La ministre de l'Economie Christine Lagarde, invitée sur LCI le 4 juillet 2008 © TF1/LCI| Christine Lagarde : "Nous avons la Commission avec nous" |
Il s'agissait d'une promesse phare de la campagne du candidat Sarkozy. La baisse de la TVA sur la restauration, actuellement de 19,6%, pourrait devenir une réalité "en 2011". Le gouvernement a bon espoir. Invitée sur LCI, la ministre de l'Economie a annoncé que la Commission européenne y était désormais favorable, sans toutefois avancer le taux futur.
Bruxelles "va présenter dès lundi, le 7 juillet, sa proposition de directive sur la TVA et, en particulier, sur la TVA à taux réduit ", a indiqué la ministre. "Cette proposition de directive prévoit que les services de restauration pourraient bénéificier du taux réduit de TVA", a-t-elle annoncé.
"A échéance 2011"
"C'est une mesure pour laquelle on s'est battu et qui nous satisferait grandement si elle était adoptée - on n'en est pas encore là", a néanmoins nuancé Christine Lagarde qui a rappelé que la directive doit encore être adoptée par le Conseil. "On y est pas, il va encore falloir sous présidence française (...) convaincre nos partenaires - et en particulier nos amis allemands - de ce que c'est un bon principe que d'avoir un taux réduit de TVA sur certains secteurs et sur la restauration en particulier."

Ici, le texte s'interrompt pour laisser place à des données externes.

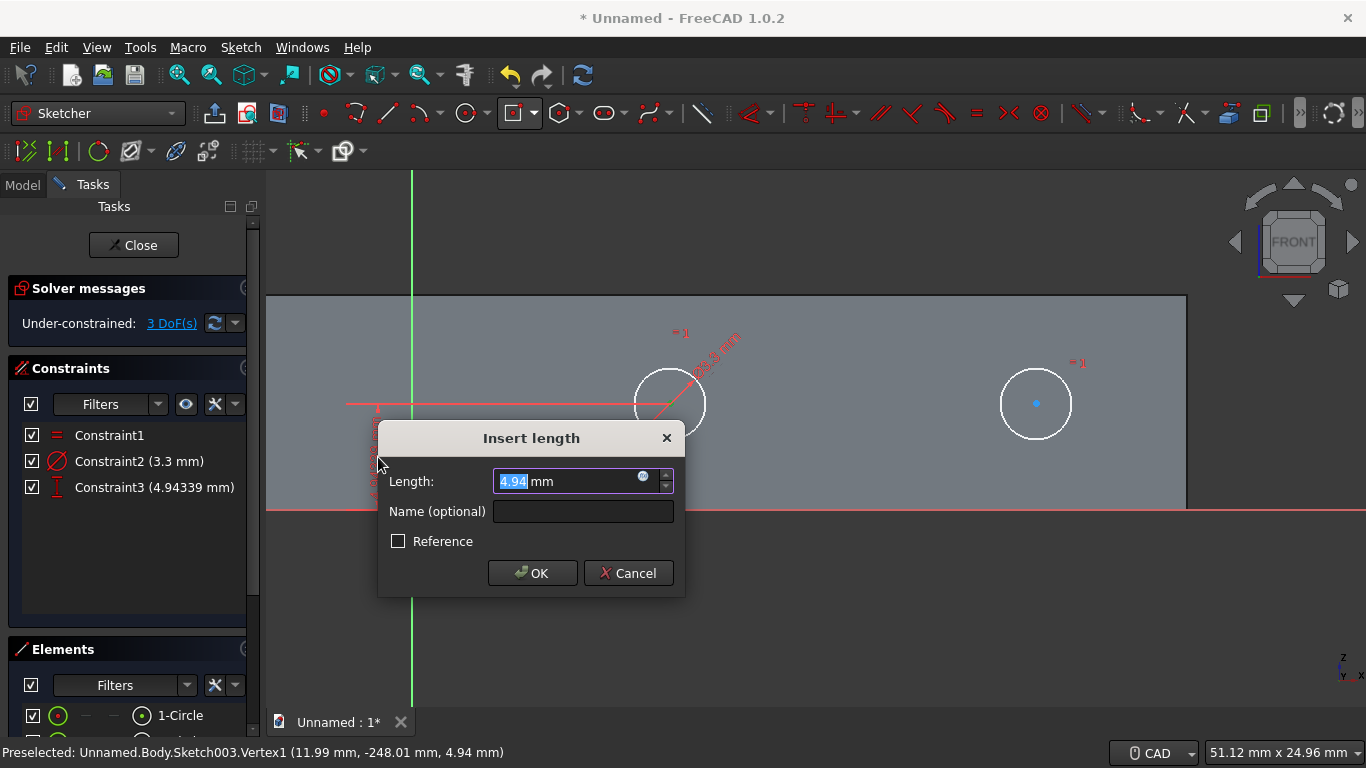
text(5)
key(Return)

"Si on arrive à les convaincre - et maintenant on a la Commission avec nous - alors à échéance 2011, nous pourrions avoir un taux réduit sur la restauration", a expliqué la ministre de l'Economie. "Je pense que les 11 qui ont déjà un taux réduit vont être avec nous ; qu'un certain nombre des autres ont déjà déclaré qu'ils étaient favorables, alors c'est difficile de vous donner un pourcentage [de réussite]", a expliqué Christine Lagarde. "Ce dont je peux vous assurer c'est qu'on va mettre nos forces dans la bataille pour convaincre nos amis allemands et peut-être nos amis danois que [cela] ne va pas nuire à l'activté, ne va pas produire d'activité anticoncurentelle et est une bonne utilisation de la fiscalité indirecte."
Maintien des dérogations
"Je suis réjouie pour deux raisons : d'abord parce que c'est un combat qu'on mène depuis longtemps et puis parce que ça permettra de restaurer un peu d'égalité, parce qu'aujourd'hui il y a onze pays de l'UE qui pratiquent le taux réduit sur la restauration et nous, nous ne pouvions pas." "En matière de restauration, ça aura clairement un effet sur les prix si tout le monde joue le jeu", espère Christine Lagarde qui a insisté sur le fait que la perte de rentrées pour l'Etat ne mettrait pas en péril l'équilibre financier français.
La ministre a également appris que la Commission européenne avait prévu dans sa directive que "les services qui étaient jusqu'à présent à taux réduit, c'est-à-dire les services à forte intensité de main d'oeuvre - et on pense notamment aux travaux de réparation et d'entretien - pourraient bénéficier de la prolongation au-delà de 2010 de ce taux réduit."